▶ **Supplied material**:
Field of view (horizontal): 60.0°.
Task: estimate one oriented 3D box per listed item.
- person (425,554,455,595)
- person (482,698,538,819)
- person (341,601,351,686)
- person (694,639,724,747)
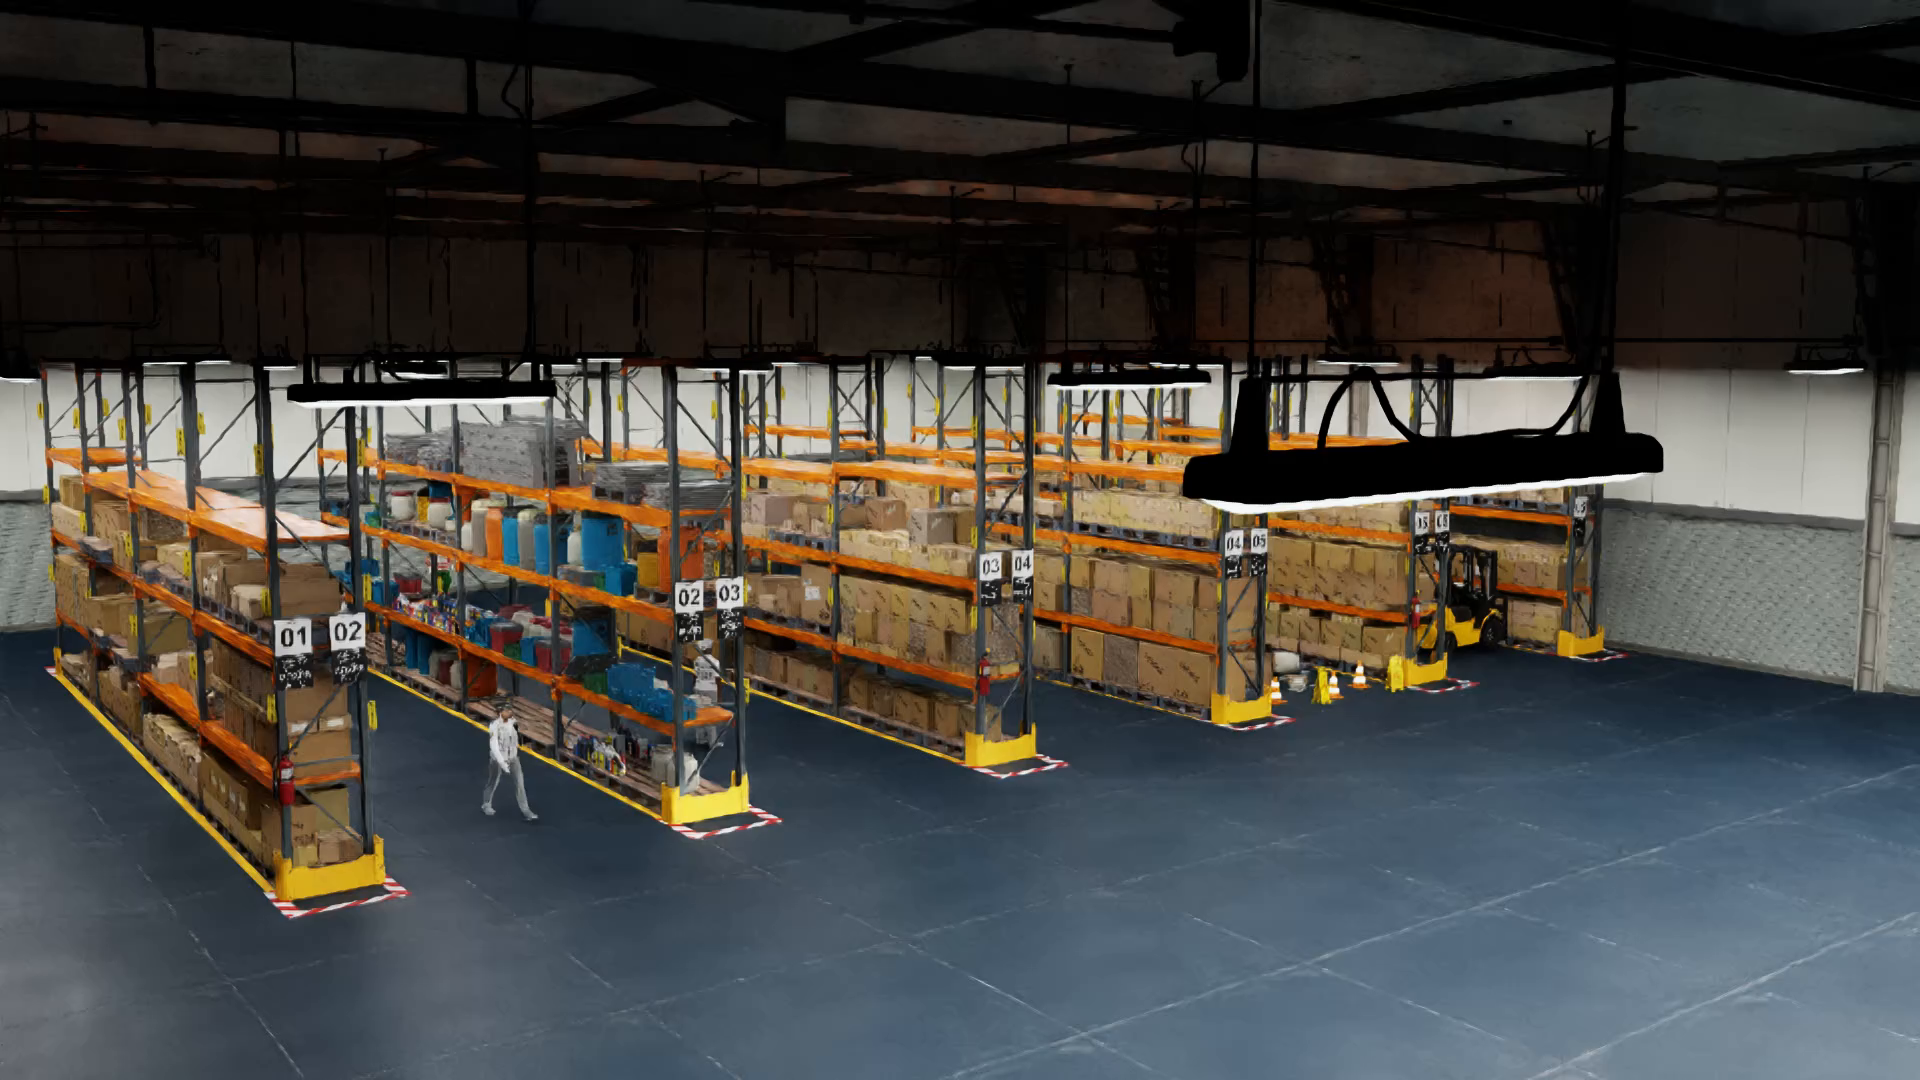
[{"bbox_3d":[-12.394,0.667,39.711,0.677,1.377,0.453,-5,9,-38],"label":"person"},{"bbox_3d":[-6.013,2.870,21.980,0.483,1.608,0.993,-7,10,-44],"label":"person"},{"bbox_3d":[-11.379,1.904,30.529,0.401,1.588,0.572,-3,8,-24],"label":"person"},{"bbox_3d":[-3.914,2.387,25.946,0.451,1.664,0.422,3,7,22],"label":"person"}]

==

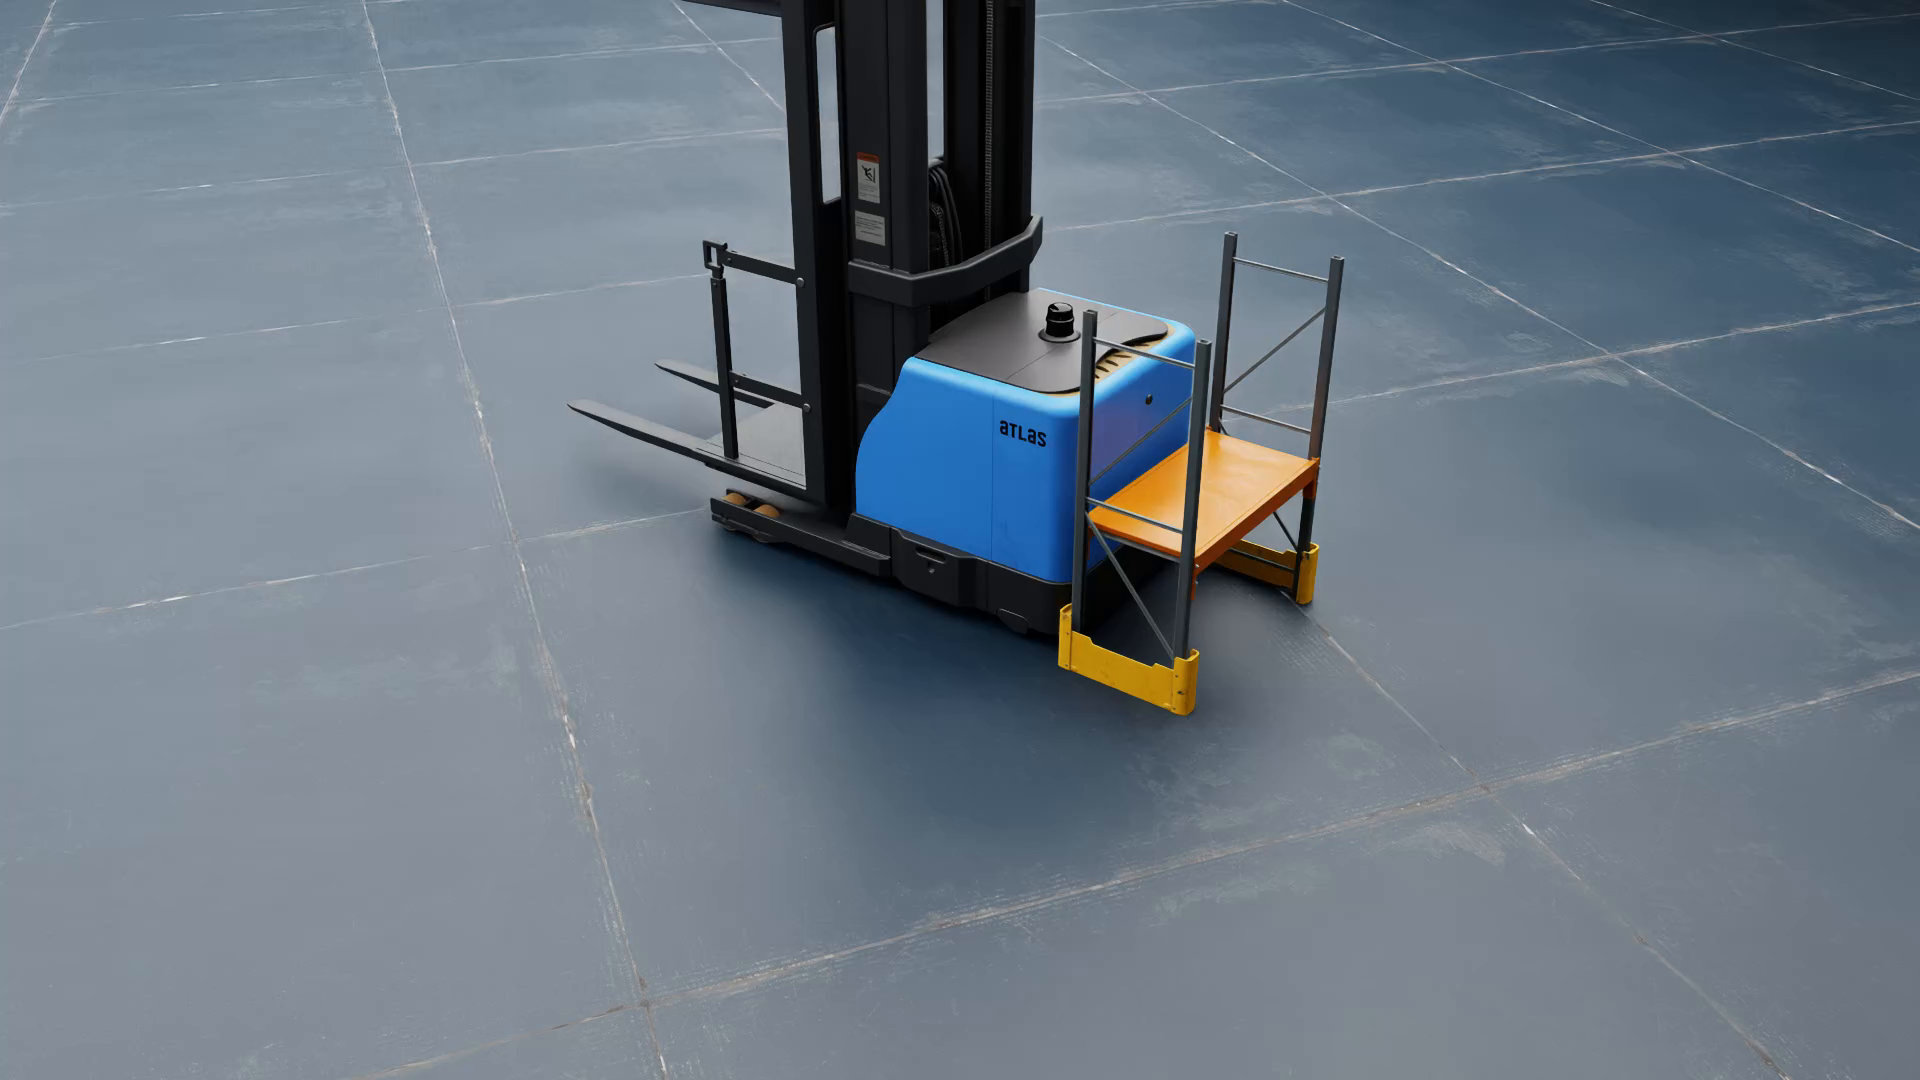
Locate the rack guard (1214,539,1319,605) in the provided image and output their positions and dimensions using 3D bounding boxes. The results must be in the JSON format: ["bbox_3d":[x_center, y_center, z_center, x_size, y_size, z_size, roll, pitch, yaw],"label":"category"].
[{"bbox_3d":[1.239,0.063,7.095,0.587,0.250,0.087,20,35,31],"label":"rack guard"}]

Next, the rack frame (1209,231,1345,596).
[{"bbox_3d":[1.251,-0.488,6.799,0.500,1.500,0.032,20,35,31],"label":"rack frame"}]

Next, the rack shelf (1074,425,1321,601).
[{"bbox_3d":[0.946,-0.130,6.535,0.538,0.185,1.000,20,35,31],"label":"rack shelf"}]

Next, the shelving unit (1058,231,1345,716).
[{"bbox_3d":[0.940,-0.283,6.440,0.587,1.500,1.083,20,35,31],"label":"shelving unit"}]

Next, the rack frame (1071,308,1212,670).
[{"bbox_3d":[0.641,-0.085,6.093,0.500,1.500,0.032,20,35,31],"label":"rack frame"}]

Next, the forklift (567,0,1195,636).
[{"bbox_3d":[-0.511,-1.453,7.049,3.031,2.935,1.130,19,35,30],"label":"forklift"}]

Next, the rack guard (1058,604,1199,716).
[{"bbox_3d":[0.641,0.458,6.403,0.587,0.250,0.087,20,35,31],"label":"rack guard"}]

▶ **Problem**: Everything from the line containing "Field of view (horizontal): 60.0°." through the line containing "- person (341,601,351,686)" in the material above should be retyped exactly, both ends included, and nothing more.

▶ **Result**:
Field of view (horizontal): 60.0°.
Task: estimate one oriented 3D box per listed item.
- person (425,554,455,595)
- person (482,698,538,819)
- person (341,601,351,686)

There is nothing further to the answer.